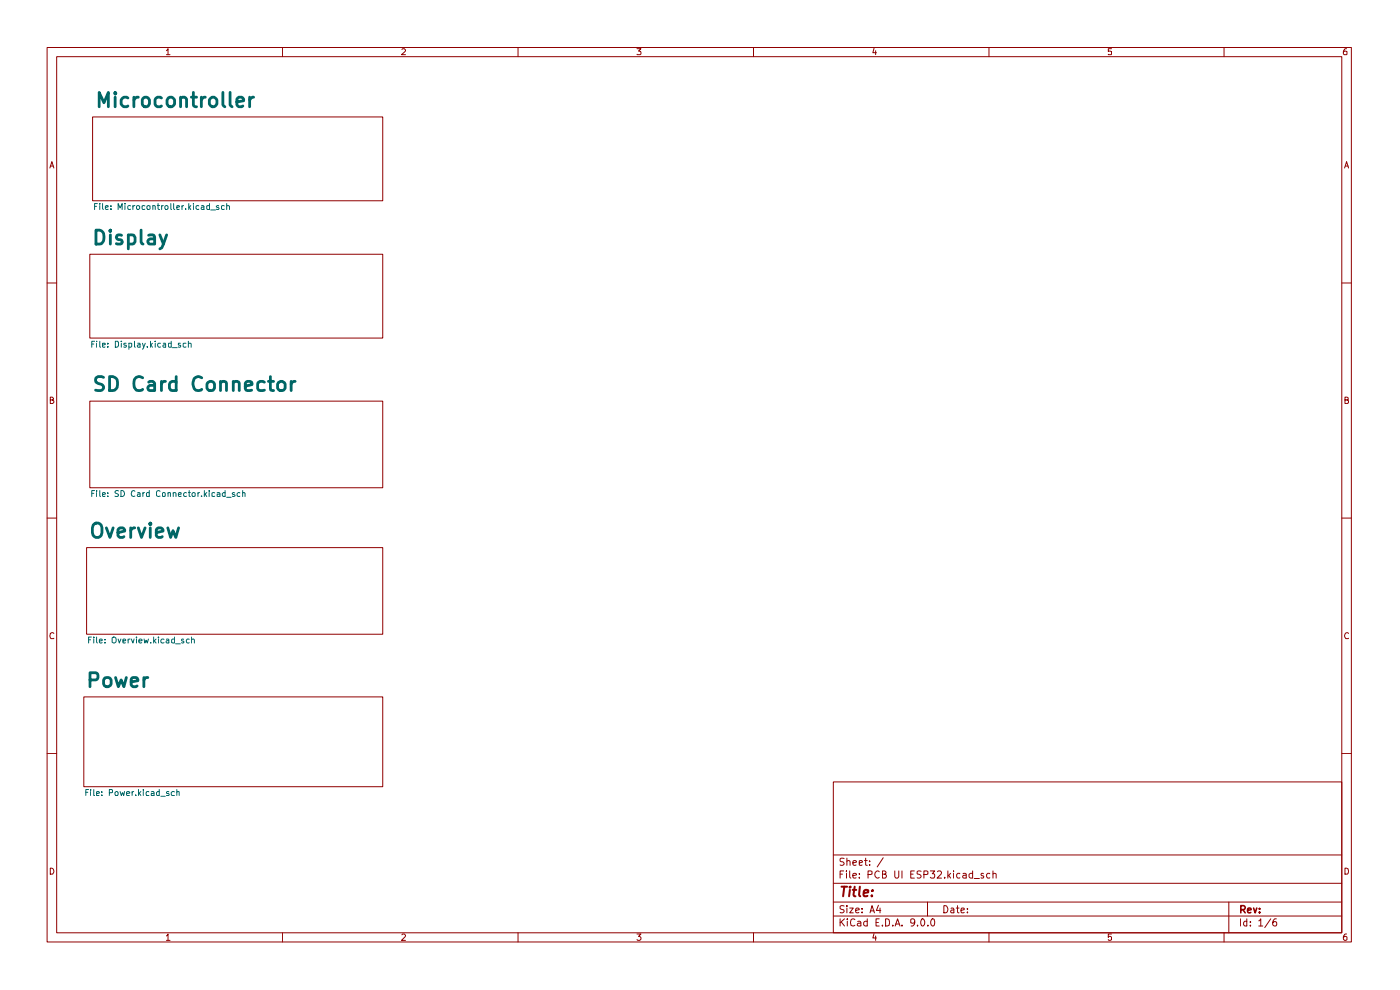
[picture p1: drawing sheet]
<svg xmlns="http://www.w3.org/2000/svg" width="297mm" height="210mm" viewBox="0 0 297 210" stroke-linecap="round" stroke-linejoin="round" font-family="sans-serif">
<g fill="none" stroke="#900000" stroke-width=".21">
<path d="M10 10.1h276.7v189.7h-276.7zM12 12h272.6v185.9h-272.6zM35.3 10.8l.3-.5v1.3M35.3 11.6h.8M59.9 10.1v1.9M85.3 10.5l.1-.2h.4l.2 .5-.8 .8h.8M109.9 10.1v1.9M135.1 10.3h.9l-.5 .5 .4 .1 .1 .5-.2 .2-.7-.1M159.9 10.1v1.9M185.4 10.2l-.2 1h.7M185.8 10.8v.8M209.8 10.1v1.9"/>
<path d="M235.8 10.3h-.7v.6h.7v.6h-.7M259.7 10.1v1.9M285.7 10.3l-.5 .1-.1 .3-.1 .7 .2 .2 .5-.1v-.6l-.5-.1-.2 .3M10.6 35.6l.4-1.3 .4 1.3M10.7 35.2h.6M285.2 35.6l.5-1.3 .4 1.3M285.4 35.2h.6M10 60h2M284.6 60h2.1M10.7 84.8h.5l.1-.3-.2-.3h-.4v1.4h.5l.2-.3v-.2l-.3-.3M285.3 84.8h.6l.1-.4-.7-.2v1.4h.5l.2-.1 .1-.4-.4-.3M10 109.9h2"/>
<path d="M284.6 109.9h2.1M11.4 134.4l-.2-.2-.5 .2-.1 .4 .2 .7 .6-.1M286.1 134.4a.58 .58 0 0 0-.8 .1 .58 .58 0 0 0 .1 .8l.1 .2 .6-.1M10 159.9h2M284.6 159.9h2.1M176.8 165.9h107.8v32h-107.8zM10.7 184.1a.71 .71 0 0 1 .7 .5 .71 .71 0 0 1-.2 .8h-.5zM35.3 198.5l.3-.4v1.4M35.3 199.5h.8M59.9 197.9v1.9M85.3 198.3l.1-.2h.4l.2 .4-.8 1h.8M109.9 197.9v1.9"/>
<path d="M135.1 198.1h.9l-.5 .5h.2l.3 .3v.3l-.3 .3h-.4l-.2-.2M159.9 197.9v1.9M176.8 194.3h107.8M176.8 191.3h107.8M176.8 187.4h107.8M176.8 181.4h107.8M178.2 194.9v1.5M178.2 185.4h.5M178.5 195.6l.7 .8M179 184.7h-.8v1.6M179.1 192.2a.64 .64 0 0 0-.9 .1v.4l.7 .3 .2 .4a.6 .6 0 0 1-.9 .1M179.1 182.1a.64 .64 0 0 0-.9 .1v.4l.7 .3 .2 .4a.6 .6 0 0 1-.9 .2"/>
<path d="M179.2 194.9l-1 .8M179.6 184.7v.2M179.6 185.3v1M179.7 192.1v.2M179.7 182.7v-.1a.36 .36 0 0 1 .6 .2v.8M179.7 182v1.6M179.7 192.6v1M179.7 194.9v.2M179.7 195.4v1M180.3 192.6h.7l-.7 1h.7M180.3 184.7v1.3l.2 .3M180.9 185.8l.8-.2-.1-.3h-.4l-.3 .1 .1 .8h.6"/>
<path d="M180.9 183l.8-.1-.1-.3-.4-.1-.3 .3 .1 .7h.6M181.4 195.1a.59 .59 0 0 0-.8-.1 .59 .59 0 0 0-.2 .7l.1 .6 .4 .1 .5-.1M181.5 193.1l.8-.1-.1-.3-.4-.1-.3 .3v.6l.3 .1 .4-.1M181.9 195.5h.6l.1 .9M182.3 186.1v.2M182.3 185.3v.1M182.3 183l.7-.1-.2-.4-.5 .1v.9h.6M182.6 195.7l-.5 .1-.2 .3 .2 .3 .5-.1M182.9 193.5v.1M182.9 192.7v.2M183.4 182.5h.6M183.6 182v1.5l.4 .1"/>
<path d="M184 195.5h-.6l-.2 .7a.52 .52 0 0 0 .8 .1M184 194.9v1.5M184.1 185.5l.9-.1v-.5l-.3-.2h-.6v1.6M184.5 183.4v.2M184.5 182.6v.2M184.6 193.6l.4-1.5 .5 1.5M184.7 193.2h.7M185.4 198l-.2 1h.7M185.8 198.5v1M185.8 195.7h.6M186.4 192l-.5 1.1h1M186.5 194.9h-.7v1.5h.7"/>
<path d="M186.5 184.9l-.1-.1a.7 .7 0 0 0-.8 .7 .7 .7 0 0 0 .8 .7l.1-.1M186.7 192.6v1M187.2 196.3v.1M187.2 185.4h.6l.2-.4-.3-.3h-.5v1.6h.6a.45 .45 0 0 0 .3-.5 .45 .45 0 0 0-.4-.4M187.4 181.9l-1.3 2M187.9 194.9h.3a.89 .89 0 0 1 .3 1.4l-.6 .1zM189.4 196.3v.1M189.8 184.7v1.2l.3 .4h.3l.3-.4v-1.2M189.9 196.4l.5-1.5 .5 1.5M190 196h.8M191.3 196.3v.1M191.3 184.7v1.6"/>
<path d="M193.2 185.4h.5M194 184.7h-.8v1.6h.8M194.1 195.6l-.4 .2-.5-.1 .1-.7 .4-.1 .3 .2a.92 .92 0 0 1-.7 1.3M194.6 196.3v.1M195.4 184.8a.64 .64 0 0 0-.8 .1v.4a.62 .62 0 0 1 .7 .8l-.2 .2-.5-.1M195.5 195l.2-.1a.82 .82 0 0 1 .5 .8 .82 .82 0 0 1-.5 .7 1.1 1.1 0 0 1-.2-1.4zM196 185.5l.8-.1v-.5l-.2-.2h-.6v1.6M196.8 191.3v3M196.8 196.3v.1M197.4 184.7h.9l-.5 .6h.2l.3 .3-.1 .6-.6 .1-.2-.2M197.8 194.9a.89 .89 0 0 1 .3 1.4l-.1 .1a.88 .88 0 0 1-.2-1.5zM198.9 184.9l.2-.2h.4l.2 .5-.9 1.1h.9"/>
<path d="M200.2 192.1a.77 .77 0 0 1 .9 .8 .77 .77 0 0 1-.9 .7zM200.4 186.1v.2M201.1 184.7v1.6M201.3 185.7l.4 .6M201.7 185.3l-.6 .5M201.8 192.7h.5l.1 .9M202.3 184.7v.2M202.3 185.3v1M202.4 193h-.6l-.1 .3 .1 .3 .6-.1M202.9 192.6h.6M203.1 192.1v1.4l.4 .1M203.6 185.3h-.4l-.3 .2 .1 .6 .2 .2 .4-.1"/>
<path d="M203.9 193.1l.7-.1v-.3l-.6-.1-.1 .3v.6l.1 .1 .6-.1M204.3 185.3h.4l.3 .1v.9M205 185.6l-.5 .1-.3 .2 .3 .4 .5-.1M205.2 193.5v.1M205.2 192.7v.2M206.3 185.3a.52 .52 0 0 0-.7 .2l.1 .7h.6M206.3 184.7v1.6M206.7 186.4h1.1M208.6 185.3h-.3l-.2 .1 .2 .4 .4 .1-.1 .3h-.5M209.8 197.9v1.9M210 185.3h-.5l-.2 .2 .1 .6 .1 .2 .5-.1M210.7 185.4l.2-.1 .4 .1v.9"/>
<path d="M210.7 184.7v1.6M235.8 198.1h-.7v.7l.2-.2 .5 .2-.1 .6-.4 .1-.2-.2M259.7 197.9v1.9M260.7 191.3v6.6M263.1 194.9v1.5M264.5 195.5l-.4-.1-.3 .3v.5l.3 .2 .4-.1M264.5 194.9v1.5M265.3 196.3v.1M265.3 195.5v.2M267 195.3l.5-.4v1.5M267 196.4h.9M269.6 194.9l-1.3 1.9"/>
<path d="M270.8 194.9a.72 .72 0 0 0-.8 .7v.6a.46 .46 0 0 0 .4 .3 .46 .46 0 0 0 .4-.3v-.6a.52 .52 0 0 0-.8 .1M285.3 184.1l.7 .2 .1 .6-.3 .5h-.5zM285.7 198.1l-.5 .1-.1 .3-.1 .7 .2 .3 .5-.2v-.6l-.5-.1-.2 .3"/>
</g>
<path d="M263.2 193l.8-.1 .2-.3-.1-.3-.3-.2h-.6v1.5M263.7 193l.5 .6M264.7 193.1l.7-.1-.1-.3-.4-.1-.2 .3 .1 .6h.5M265.9 192.6l.4 1 .3-1M267.2 193.5v.1M267.2 192.7v.2" fill="none" stroke="#900000" stroke-width=".34"/>
<path d="M178.5 188.1h1.2M179.1 188.1l-.2 2M180.3 188.8l-.2 1.3M180.4 188.1l-.2 .1h.3l-.1-.1-.1 .2M180.9 188.8h.8M181.3 188.1l-.2 1.7v.2l.4 .1M182.4 188.1l-.2 1.7 .3 .3M183.3 189.4l.9-.1v-.5a.67 .67 0 0 0-.9 .2v1h.7M185 189.9v.2M185.1 188.8l.1 .1h-.2l.1-.1-.1 .2" fill="none" stroke="#900000" stroke-width=".42"/>
<g fill="#fff">
<path d="M17.8 147.8h63.4v19.1h-63.4z"/>
<path d="M19 85.1h62.2v18.4h-62.2z"/>
<path d="M19.6 24.8h61.6v17.8h-61.6z"/>
<path d="M19 53.9h62.2v17.8h-62.2z"/>
<path d="M18.4 116.2h62.8v18.3h-62.8z"/>
</g>
<path d="M19.6 24.8h61.6v17.8h-61.6zM19 53.9h62.2v17.8h-62.2zM19 85.1h62.2v18.4h-62.2zM18.4 116.2h62.8v18.3h-62.8zM17.8 147.8h63.4v19.1h-63.4z" fill="none" stroke="#900000" stroke-width=".21"/>
<g fill="none" stroke="#006665" stroke-width=".59">
<path d="M24.4 19.6v.3l.2-.1-.2-.2v.3M41 19.6v2.6l.1 .3 .6 .1M47.3 19.6v2.6l.4 .4M48.8 19.6v2.6l.4 .4M21 22.6v-3l1.1 2.2 .9-2.2v3M24.4 20.6v2M27.1 20.8l-.2-.2a1.03 1.03 0 0 0-1.2 .6v.9a1.03 1.03 0 0 0 1.2 .5l.2-.1M28.4 20.6v2M29.3 20.6a.95 .95 0 0 0-.9 .6M30.3 21a.8 .8 0 0 1 .8-.4 .8 .8 0 0 1 .6 .6v.9a.78 .78 0 0 1-.8 .6 .78 .78 0 0 1-.7-.6zM34.2 20.8l-.2-.2h-.6l-.5 .6v.9l.2 .4 .3 .1h.6l.2-.1M35.7 20.8a.84 .84 0 0 1 1.3 .4v.9a.83 .83 0 0 1-.8 .6 .83 .83 0 0 1-.8-.6v-.9z"/>
<path d="M38.3 21l.4-.4 .7 .2 .2 .2v1.6M38.3 20.6v2M40.6 20.6h1.1M42.7 20.6v2M43.6 20.6a.76 .76 0 0 0-.9 .6M44.7 20.8l.3-.2a.97 .97 0 0 1 1 .6v.9a.83 .83 0 0 1-.8 .6 .83 .83 0 0 1-.8-.6v-.9zM50.2 21.6l1.5-.2-.2-.6-.2-.2h-.6l-.5 .4v1.2l.2 .3 .3 .1h.6l.2-.1M53 20.6v2M53.8 20.6l-.5 .2-.3 .4M20.4 48.8h.7a1.33 1.33 0 0 1 1 1.7 1.19 1.19 0 0 1-1 1.3h-.7zM23.4 48.8l-.2 .2h.3l-.1-.2v.3M23.4 49.8v2"/>
<path d="M25.8 49.9a.73 .73 0 0 0-1.1 .3l.1 .5 1 .2 .2 .4-.2 .4h-1.1M27.2 49.9a.99 .99 0 0 1 1.5 .5v.9l-.2 .2a1.07 1.07 0 0 1-1.3 .2M27.2 49.8v3M29.9 48.8v2.6l.2 .3 .3 .1M31.5 49.9h1.1l.2 .3v1.6M32.8 50.5l-.2 .2h-.8l-.4 .4 .1 .6h1.3M33.9 49.8l.8 2M35.3 49.8l-1 2.7-.4 .3M23.2 79.9a1.35 1.35 0 0 1 1.7 1.7 1.26 1.26 0 0 1-1.7 1.2zM37.4 79.9v2.9M57.4 79.9v2.5v.4h.6M22 80.1l-.5-.2h-.7a.76 .76 0 0 0-.5 .7 .76 .76 0 0 0 .5 .7 1.2 1.2 0 0 1 1.2 .7 .76 .76 0 0 1-.6 .8h-1.1"/>
<path d="M30.3 80.1a1.22 1.22 0 0 0-1.5 0 1.22 1.22 0 0 0-.4 1.5 1.1 1.1 0 0 0 .6 1.2 1.1 1.1 0 0 0 1.3-.2M31.5 81.1l.3-.2h.6l.2 .2 .2 .2v1.5M32.8 81.6l-.2 .1h-.8l-.4 .5 .1 .6h1.3M34.2 80.9v1.9M35.1 80.9a.76 .76 0 0 0-.9 .6M37.4 81.1a.9 .9 0 0 0-1.5 .4v.8l.2 .3a1.07 1.07 0 0 0 1.3 .2M42.8 80.1a1.23 1.23 0 0 0-1.5 .1 1.23 1.23 0 0 0-.4 1.4 1.12 1.12 0 0 0 .6 1.1 1.12 1.12 0 0 0 1.3-.1M44.1 81.2a.84 .84 0 0 1 1.4 .3v.8l-.2 .3a.87 .87 0 0 1-1.4-.3v-.8zM46.8 81.2a.76 .76 0 0 1 1.2 .1v1.5M46.8 80.9v1.9M49.5 81.2a.76 .76 0 0 1 1.3 .1v1.5M49.5 80.9v1.9"/>
<path d="M52 81.9l1.5-.3-.1-.5-.9-.2-.5 .4v1.1l.2 .4h1.2M56.1 81.1a1.03 1.03 0 0 0-1.4 .1v1.4a1.16 1.16 0 0 0 1.4 .2M56.9 80.9h1.1M59.1 81.2a.84 .84 0 0 1 1.4 .3v.8a.87 .87 0 0 1-.8 .6 .87 .87 0 0 1-.8-.6v-.8zM61.8 80.9v1.9M62.6 80.9a.76 .76 0 0 0-.8 .6M19.8 111.4a1.01 1.01 0 0 1 1.7 0 2.29 2.29 0 0 1-.3 2.4 1 1 0 0 1-1.4-.2l-.2-.6v-1zM22.6 112l.7 2 .7-2M25 113l1.5-.4-.2-.5-.3-.1h-.6l-.4 .4v1.2l.2 .2 .2 .2h.6l.3-.2M27.7 112v2M28.6 112l-.7 .2-.2 .4M29.3 112l.7 2 .8-2"/>
<path d="M31.9 111l-.2 .1 .2 .2 .1-.2-.1-.1v.3M31.9 112v2M33.1 113l1.5-.4-.2-.5-.2-.1h-.6l-.5 .4v1.2l.2 .2 .3 .2h.6l.2-.2M35.6 112l.6 2 .5-1.4 .6 1.4 .6-2M19.1 144.2l1.4-.1a.94 .94 0 0 0 0-1.3l-1.4-.1v3M22.2 143.8a.97 .97 0 0 1 1.4 .4v.9a.83 .83 0 0 1-.8 .6 .83 .83 0 0 1-.8-.6v-.9zM24.5 143.7l.6 2 .6-1.5 .6 1.5 .5-2M27.8 144.7l1.5-.3-.2-.6-.9-.1-.2 .1-.2 .3v1.1l.2 .3 .2 .2h.6l.3-.2M30.5 143.7v2M31.4 143.7a.64 .64 0 0 0-.9 .5"/>
</g>
<g fill="none" stroke="#006665" stroke-width=".21">
<path d="M20.1 43.8h.4M20.7 43.2h-.6v1.2M21.2 43.2v.1M21.2 43.6v.8M21.8 43.2v1.1l.1 .1M22.4 44l.5-.1v-.2l-.4-.1-.1 .2v.5l.1 .1h.4M23.5 44.3v.1M23.5 43.7v.1M25.1 44.4v-1.2l.4 .9 .4-.9v1.2M26.5 43.2v.1M26.5 43.6v.8M27.7 43.7l-.4-.1-.2 .3 .1 .5h.5"/>
<path d="M28.2 43.6v.8M28.6 43.6l-.4 .3M29 43.7l.4-.1 .2 .3v.3l-.2 .2-.4-.2zM30.7 43.7h-.6v.6l.2 .1h.4M31.2 43.7h.6l-.1 .7h-.3l-.2-.2zM32.4 43.7l.4-.1 .1 .2v.6M32.4 43.6v.8M33.4 43.6h.5M33.5 43.2v1.1l.4 .1M34.3 43.6v.8M34.6 43.6l-.3 .3M35.1 43.7h.5v.7h-.4l-.2-.2z"/>
<path d="M36.2 43.2v1.2h.2M36.8 43.2v1.1l.3 .1M37.5 44l.6-.1-.2-.3-.4 .1v.7h.5M38.6 43.6v.8M38.9 43.6l-.3 .3M39.4 44.3v.1M40 43.2v1.2M40.1 43.9l.4 .5M40.5 43.6l-.5 .5M41.1 43.2v.1M41.1 43.6v.8M42.2 43.7l-.4-.1-.2 .3v.3l.2 .2h.4"/>
<path d="M42.8 43.7l.3-.1 .2 .2v.6M43.3 43.9l-.6 .2 .1 .3h.5M44.4 43.7h-.5v.6l.1 .1h.4M44.4 43.2v1.2M44.7 44.5h1M46.4 43.7l-.3-.1-.2 .3 .4 .1 .2 .3-.2 .1h-.4M47.6 43.7h-.6v.6l.2 .1h.4M48.1 43.7l.3-.1 .3 .2v.6M48.1 43.2v1.2M19.5 73h.4M20.1 72.4h-.6v1.3M20.5 72.4v.1"/>
<path d="M20.5 72.8v.9M21.2 72.4v1.2l.1 .1M21.8 73.2l.6-.1-.1-.3h-.5v.8h.5M22.9 73.5v.2M22.9 72.8v.2M24.5 72.4h.5l.1 .2v.7a.52 .52 0 0 1-.6 .4zM25.7 72.4v.1M25.7 72.8v.9M26.8 72.8h-.5l-.1 .2 .2 .2h.4v.4h-.6M27.3 73.6l.4 .1 .2-.2v-.7h-.6v1.3M28.5 72.4v1.2l.2 .1M29.2 72.8h.4l.1 .9"/>
<path d="M29.7 73.1l-.6 .2 .2 .4 .4-.1M30.2 72.8l.3 .9M30.8 72.8l-.6 1.3M31.2 73.5v.2M31.9 72.4v1.3M32 73.2l.3 .5M32.3 72.8l-.4 .4M32.9 72.4v.1M32.9 72.8v.9M34 72.8h-.4l-.2 .2v.4l.3 .3 .3-.1M34.6 72.8h.5v.9M35.1 73.1l-.6 .2 .2 .4 .4-.1"/>
<path d="M36.3 72.8l-.6 .1v.6l.2 .2 .4-.1M36.3 72.4v1.3M36.6 73.7h1M38.3 72.8h-.5v.4h.5l.1 .2-.2 .3-.4-.1M39.5 72.8l-.6 .1v.6l.2 .2 .4-.1M40 72.9l.5-.1 .1 .9M40 72.4v1.3M19.5 104.6h.4M20.1 104.1h-.6v1.2M20.5 104.1v.1M20.5 104.5v.8M21.2 104.1v1.1l.1 .1"/>
<path d="M21.8 104.9l.6-.1-.2-.3-.4 .1v.6h.5M22.9 105.2v.1M22.9 104.6h.1M25.1 104.1h-.5l-.2 .2 .1 .3a.57 .57 0 0 1 .6 .6h-.7M25.7 104.1a.65 .65 0 0 1 .7 .6 .65 .65 0 0 1-.7 .6zM28.6 104.2l-.2-.1a.65 .65 0 0 0-.5 .6 .65 .65 0 0 0 .5 .6l.2-.1M29.2 104.6l.3-.1 .2 .1v.7M29.7 104.8h-.4l-.2 .3 .2 .2 .4-.1M30.3 104.5v.8M30.6 104.5l-.3 .2M31.7 104.6l-.5-.1-.1 .1v.6h.6M31.7 104.1v1.2"/>
<path d="M34 104.2l-.3-.1-.4 .1-.1 .9a.55 .55 0 0 0 .8 .1M34.5 104.6l.1-.1 .5 .1v.6h-.6zM35.6 104.6l.2-.1 .4 .1v.7M35.6 104.5v.8M36.7 104.6l.3-.1 .3 .1v.7M36.7 104.5v.8M37.8 104.9l.6-.1v-.2l-.4-.1-.2 .1v.6l.2 .1 .4-.1M39.5 104.6l-.3-.1-.3 .2 .1 .5h.5M40 104.5h.4M40.1 104.1v1.1l.3 .1M40.7 104.7l.3-.2 .3 .1 .1 .6h-.6zM42 104.5v.8"/>
<path d="M42.3 104.5l-.3 .2M42.8 105.2v.1M43.3 104.1v1.2M43.5 104.8l.4 .5M43.9 104.5l-.6 .5M44.4 104.1v.1M44.4 104.5v.8M45.6 104.6l-.4-.1-.2 .1v.6h.6M46.1 104.6l.4-.1 .2 .1v.7M46.7 104.8l-.6 .1v.3h.6M47.8 104.6l-.4-.1-.2 .2v.5h.6M47.8 104.1v1.2"/>
<path d="M48.1 105.5h.9M49.8 104.6l-.4-.1-.1 .2 .6 .5-.3 .1-.3-.1M50.9 104.6l-.4-.1-.2 .2 .1 .5h.5M51.5 104.6l.1-.1 .4 .1v.7M51.5 104.1v1.2M18.8 135.7h.4M19.4 135.1h-.6v1.3M19.9 135.1v.2M19.9 135.6v.8M20.5 135.1v1.1l.2 .2M21.1 136l.6-.1v-.3h-.4l-.2 .1v.5l.2 .2 .4-.1M22.3 136.3v.1"/>
<path d="M22.3 135.6v.1M23.8 135.3l.2-.2 .4 .1a.74 .74 0 0 1 .2 1l-.3 .2-.5-.2zM25.1 135.6l.2 .8 .4-.8M26.1 136l.6-.1-.2-.3h-.4v.7h.5M27.2 135.6v.8M27.6 135.6l-.4 .2M27.9 135.6l.3 .8 .2-.8M29 135.1v.2M29 135.6v.8M29.5 136l.6-.1v-.3h-.4l-.2 .1v.5l.2 .2 .4-.1M30.6 135.6l.1 .8 .3-.6 .2 .6 .3-.8M32 136.3v.1"/>
<path d="M32.6 135.1v1.3M32.7 135.9l.4 .5M33.1 135.6l-.5 .5M33.6 135.1v.2M33.6 135.6v.8M34.8 135.6h-.4l-.3 .2 .1 .5h.6M35.3 135.6h.5v.8M35.8 135.9h-.4l-.2 .2 .2 .3 .4-.1M37 135.6h-.3l-.3 .1v.6h.6M37 135.1v1.3M37.3 136.6h1M38.9 135.6h-.4v.3l.4 .1 .1 .2-.1 .2-.4-.1"/>
<path d="M40.1 135.6h-.3l-.3 .2 .1 .5h.5M40.6 135.7l.3-.1 .3 .1v.7M40.6 135.1v1.3M18.2 168.1h.4M18.8 167.5h-.6v1.2M19.2 167.5v.1M19.2 167.9v.8M19.9 167.5v1.2h.2M20.5 168.3l.6-.1-.2-.3-.4 .1v.7h.5M21.6 168.7h.1M21.6 168v.1M23.2 168.1h.7v-.5l-.2-.1h-.5v1.2"/>
<path d="M24.4 168.1l.2-.2 .4 .1v.7h-.4zM25.5 167.9l.2 .8 .3-.6 .2 .6 .2-.8M26.8 168.3l.7-.1-.1-.2-.3-.1-.3 .2 .1 .6h.5M28 167.9v.8M28.4 167.9l-.4 .2M28.8 168.7h.1M29.4 167.5v1.2M29.5 168.3l.4 .4M29.9 167.9l-.5 .5M30.4 167.5v.1M30.4 167.9v.8M31.6 168l-.4-.1-.2 .2 .1 .6h.5"/>
<path d="M32.1 168l.4-.1 .2 .2v.6h-.6v-.4l.6-.1M33.8 167.5v1.2h-.4l-.2-.6 .2-.2 .4 .1M34.1 168.9h1M35.8 168l-.3-.1-.2 .2 .1 .2h.3l.2 .2-.1 .2h-.5M37 168l-.4-.1-.3 .2 .2 .6h.5M37.5 168.1l.2-.2 .3 .1v.7M37.5 167.5v1.2"/>
</g>
</svg>

==============================

## About this task
Your task is to transcribe, with no changes, only the lines of the listing above that lie between the line holding "185.4h.5M194 184.7h-.8v1.6h.8M194.1 195.6l-.4" and the line holding "193.1l.7-.1v-.3l-.6-.1-.1 .3v.6l.1 .1", inclusive.

## Answer to this task
<path d="M193.2 185.4h.5M194 184.7h-.8v1.6h.8M194.1 195.6l-.4 .2-.5-.1 .1-.7 .4-.1 .3 .2a.92 .92 0 0 1-.7 1.3M194.6 196.3v.1M195.4 184.8a.64 .64 0 0 0-.8 .1v.4a.62 .62 0 0 1 .7 .8l-.2 .2-.5-.1M195.5 195l.2-.1a.82 .82 0 0 1 .5 .8 .82 .82 0 0 1-.5 .7 1.1 1.1 0 0 1-.2-1.4zM196 185.5l.8-.1v-.5l-.2-.2h-.6v1.6M196.8 191.3v3M196.8 196.3v.1M197.4 184.7h.9l-.5 .6h.2l.3 .3-.1 .6-.6 .1-.2-.2M197.8 194.9a.89 .89 0 0 1 .3 1.4l-.1 .1a.88 .88 0 0 1-.2-1.5zM198.9 184.9l.2-.2h.4l.2 .5-.9 1.1h.9"/>
<path d="M200.2 192.1a.77 .77 0 0 1 .9 .8 .77 .77 0 0 1-.9 .7zM200.4 186.1v.2M201.1 184.7v1.6M201.3 185.7l.4 .6M201.7 185.3l-.6 .5M201.8 192.7h.5l.1 .9M202.3 184.7v.2M202.3 185.3v1M202.4 193h-.6l-.1 .3 .1 .3 .6-.1M202.9 192.6h.6M203.1 192.1v1.4l.4 .1M203.6 185.3h-.4l-.3 .2 .1 .6 .2 .2 .4-.1"/>
<path d="M203.9 193.1l.7-.1v-.3l-.6-.1-.1 .3v.6l.1 .1 .6-.1M204.3 185.3h.4l.3 .1v.9M205 185.6l-.5 .1-.3 .2 .3 .4 .5-.1M205.2 193.5v.1M205.2 192.7v.2M206.3 185.3a.52 .52 0 0 0-.7 .2l.1 .7h.6M206.3 184.7v1.6M206.7 186.4h1.1M208.6 185.3h-.3l-.2 .1 .2 .4 .4 .1-.1 .3h-.5M209.8 197.9v1.9M210 185.3h-.5l-.2 .2 .1 .6 .1 .2 .5-.1M210.7 185.4l.2-.1 .4 .1v.9"/>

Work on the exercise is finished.